Weekly STAR Reflection 6-28-2020
The book of Acts has much to teach us about being a church without walls, and this week’s reading is no exception. The church without walls moves beyond the comfortable, familiar surrounds and into the world. That’s how the apostle Paul ends up in Athens, addressing the philosophers and testifying to the “God who made the earth and everything in it” (Acts 17:24).
There’s a powerfully uniting message in this passage. God is not contained by a certain type of building or monument. God is not present only within certain rituals or traditions. God is not the exclusive property of one group or another. God is not aligned with any particular political party. Indeed, God “is not far from each one of us” (Acts 17:27).
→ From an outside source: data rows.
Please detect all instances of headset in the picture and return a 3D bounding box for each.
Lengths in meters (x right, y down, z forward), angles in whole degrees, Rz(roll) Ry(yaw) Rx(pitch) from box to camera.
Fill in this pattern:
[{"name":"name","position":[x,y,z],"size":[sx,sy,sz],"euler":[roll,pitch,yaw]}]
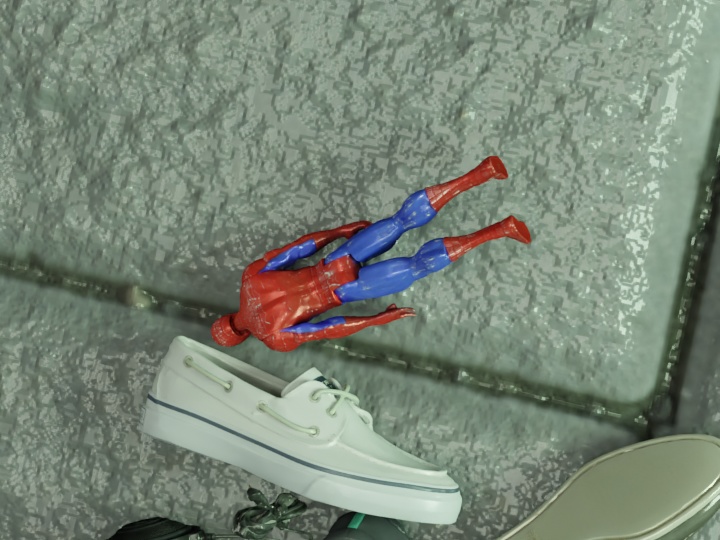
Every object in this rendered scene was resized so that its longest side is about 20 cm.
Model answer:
[{"name":"headset","position":[-0.107,0.194,1.248],"size":[0.200,0.094,0.124],"euler":[-42,80,20]}]

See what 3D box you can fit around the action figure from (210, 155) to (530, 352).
[{"name":"action figure","position":[0.000,0.000,1.255],"size":[0.199,0.052,0.066],"euler":[-24,77,16]}]

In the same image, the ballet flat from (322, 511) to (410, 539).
[{"name":"ballet flat","position":[0.006,0.237,1.234],"size":[0.073,0.073,0.201],"euler":[-7,86,12]}]

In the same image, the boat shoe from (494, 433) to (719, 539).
[{"name":"boat shoe","position":[0.126,0.159,1.223],"size":[0.200,0.057,0.067],"euler":[-31,46,6]}]

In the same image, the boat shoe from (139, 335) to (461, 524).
[{"name":"boat shoe","position":[-0.033,0.089,1.245],"size":[0.199,0.074,0.067],"euler":[16,94,14]}]

At a time like this, when so many of our familiar patterns are disrupted, when we can’t access the spaces we experience as sacred, when it can be hard to know who or what to believe, I take comfort in these words from Scripture. God cannot be contained. None of our human-made containers – not just our buildings, but also our ideologies and cultural practices – are big enough, deep enough, expansive enough to contain our God.
It’s also a challenging word to hear. God cannot be contained. So what of our human-made containers need to be dismantled, broken open, or rebuilt to better point us to God’s presence? Put another way, what do we hold more dear than the “God who made the earth and everything in it?”
Regardless of how we respond, God draws near to us, loving us, challenging us, sustaining us and forming us to be the body of Christ – in all times and in all places – for the sake of the world God so loves. Thanks be to God.
~ Pastor H.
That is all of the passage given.